At the same time, though, this is a very nice proof that the abstract world–a world that many people consider to be extremely simple and mechanical–is wonderfully strange. Humans have built a world of abstract symbol manipulation and discovered that it, in some sense, it’s not just a world of abstract symbol manipulation. In fact, you can prove that inside that world!

As it turns out, the fact that the haling problem is unsolvable has wide-ranging consequences. In particular, the existence of just one problem that’s impossible to solve implies that lots of problems are impossible to solve. I’ll address this in a later post.

8 thoughts on “My Favorite Fact: The Halting Problem

    1. Noah Stephens-Davidowitz Post author

      Indeed it does, and Wittgenstein phrases it well. That’s more directly related to Godel’s Incompleteness Theorem (whose simplest proof probably starts by proving the halting problem and deriving it as a consequence).

      I find it a bit strange that he happened to choose the digits of pi for his example. I assume he knew that we could certainly figure that out. Even if, for example, someone discovered a proof that the existence of such a substring of the digits of pi were independent of ZF (or whatever), it would follow that no such substring actually exists (and imply that our definitions in ZF aren’t as clean as we’d like them to be). Of course, as it happens, the digits of pi in any base contain every possible substring infinitely often with the expected density.

      Then again, I’m totally blanking on an example of something that’s actually independent of any standard set of axioms that’s really easy to express. The simplest thing that I can think of is the contiuum hypothesis, but that’s hardly as simple as looking at substrings in the digits of pi. I guess that’s why he’s Wittgenstein and I’m not :(.

    2. gaming_mouse

      I don’t believe his point there is related to ZF or GIT. For his example, he just wanted a sequence that we can calculate to an arbitrary length which contains no known patterns. Then you ask if substring “X” is in it. At the time pi and 777 fit the bill. But his (highly controversial) point is that you cannot apply the law of the excluded middle, because the meaning of “777 exists in pi” is not yet defined. For Wittgenstein, the phrase has no meaning until someone invents a proof showing it true or false (a proof, necessarily, by indirect means).

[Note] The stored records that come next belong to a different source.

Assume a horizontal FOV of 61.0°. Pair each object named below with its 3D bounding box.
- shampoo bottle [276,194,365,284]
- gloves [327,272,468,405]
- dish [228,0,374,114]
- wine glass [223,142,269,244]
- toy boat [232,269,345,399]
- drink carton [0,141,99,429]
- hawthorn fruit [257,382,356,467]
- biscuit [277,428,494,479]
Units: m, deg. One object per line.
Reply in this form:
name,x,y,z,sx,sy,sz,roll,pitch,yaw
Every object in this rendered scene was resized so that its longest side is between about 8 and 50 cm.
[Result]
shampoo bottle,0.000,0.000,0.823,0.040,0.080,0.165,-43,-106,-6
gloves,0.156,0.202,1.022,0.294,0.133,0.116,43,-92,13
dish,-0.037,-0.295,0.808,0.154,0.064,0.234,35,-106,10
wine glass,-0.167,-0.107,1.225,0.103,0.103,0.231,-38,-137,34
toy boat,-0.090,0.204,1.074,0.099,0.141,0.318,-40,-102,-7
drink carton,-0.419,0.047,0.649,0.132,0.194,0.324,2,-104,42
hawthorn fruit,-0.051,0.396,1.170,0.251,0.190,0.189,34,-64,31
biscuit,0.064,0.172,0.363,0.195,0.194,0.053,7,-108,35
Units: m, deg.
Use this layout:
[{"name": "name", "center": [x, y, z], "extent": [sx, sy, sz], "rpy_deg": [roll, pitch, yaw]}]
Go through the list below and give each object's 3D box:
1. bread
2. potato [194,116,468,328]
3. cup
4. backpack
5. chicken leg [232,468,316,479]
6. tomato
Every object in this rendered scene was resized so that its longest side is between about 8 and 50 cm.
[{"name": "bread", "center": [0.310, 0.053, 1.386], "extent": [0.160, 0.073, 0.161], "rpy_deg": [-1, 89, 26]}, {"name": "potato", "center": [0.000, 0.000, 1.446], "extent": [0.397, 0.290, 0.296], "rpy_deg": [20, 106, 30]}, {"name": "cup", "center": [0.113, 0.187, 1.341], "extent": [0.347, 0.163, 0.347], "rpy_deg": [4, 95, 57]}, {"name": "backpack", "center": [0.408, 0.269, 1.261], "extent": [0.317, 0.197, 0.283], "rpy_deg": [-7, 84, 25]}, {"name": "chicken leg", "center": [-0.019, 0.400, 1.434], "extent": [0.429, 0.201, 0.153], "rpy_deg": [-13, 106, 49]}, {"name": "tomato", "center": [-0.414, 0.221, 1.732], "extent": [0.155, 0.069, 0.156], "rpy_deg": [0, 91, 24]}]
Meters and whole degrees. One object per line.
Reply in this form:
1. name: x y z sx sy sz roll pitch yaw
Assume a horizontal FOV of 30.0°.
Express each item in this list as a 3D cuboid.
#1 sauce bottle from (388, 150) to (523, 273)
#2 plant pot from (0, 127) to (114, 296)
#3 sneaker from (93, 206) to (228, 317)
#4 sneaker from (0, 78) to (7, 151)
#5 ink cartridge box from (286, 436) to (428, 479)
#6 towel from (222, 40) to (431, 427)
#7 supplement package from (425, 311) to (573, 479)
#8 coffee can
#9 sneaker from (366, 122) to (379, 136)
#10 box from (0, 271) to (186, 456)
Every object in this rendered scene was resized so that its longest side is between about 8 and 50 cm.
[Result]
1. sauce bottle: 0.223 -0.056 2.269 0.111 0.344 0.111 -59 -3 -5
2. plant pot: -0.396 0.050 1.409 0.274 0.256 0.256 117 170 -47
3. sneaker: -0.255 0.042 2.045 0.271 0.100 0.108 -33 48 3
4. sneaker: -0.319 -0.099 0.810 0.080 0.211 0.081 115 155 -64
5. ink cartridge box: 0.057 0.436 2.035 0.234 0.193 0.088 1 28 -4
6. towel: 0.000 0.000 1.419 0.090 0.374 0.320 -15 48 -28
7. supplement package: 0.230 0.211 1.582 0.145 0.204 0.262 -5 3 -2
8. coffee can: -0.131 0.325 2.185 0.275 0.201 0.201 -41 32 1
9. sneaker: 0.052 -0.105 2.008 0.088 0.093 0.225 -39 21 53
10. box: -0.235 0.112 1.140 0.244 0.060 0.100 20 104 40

    3. Noah Stephens-Davidowitz Post author

      Hmmm… yeah. I’d like to think that Wittgenstein believed that the trillionth digit of pi existed even if we hadn’t calculated it yet (so much so that I sort of ignore him when he says the opposite), but I guess he didn’t :(.

    4. gaming_mouse

      I think that might be missing what so brilliant about the quote (at least imo). Based on the posts of yours I’ve read, you might like his writings on the foundations of mathematics, or at least find his pov intriguing. Most mathematicians hate it, of course, because he dismisses the idea the proofs are “discoveries” from an external and abstract world….

    5. Noah Stephens-Davidowitz Post author

      I guess I just find my language as I use it now to be convenient. I could sort of redefine things such that I no longer speak of unproven mathematical concepts as though they are either true or false (or independent of whatever set of axioms), but that seems to me to just make my language less powerful.

  1. gaming_mouse

    first, lol at how the boxes are closing in on us.

    second, I wasn’t suggesting there was anything wrong with your language. For the everyday practice of mathematics, I think Wittgenstein’s point is irrelevant, and you are absolutely right. It was just that the halting problems seems philosophical to me, made me think of that quote, and I thought you might be interested in it. I imagine a mathematician who subscribed to Wittgenstein’s views here would be no more affected in his everyday life than you are in social interactions by your belief in solipsism….

    Reply
    1. Noah Stephens-Davidowitz Post author

      Heh, yeah. Maybe I should turn off threaded comments :p.

      I didn’t think you were saying anything was wrong with my language. I guess my main point is that I think this is just a language issue, and it seems like Wittgenstein is proposing a strictly smaller langauge.

      Regardless, that solipsism analogy is awesome.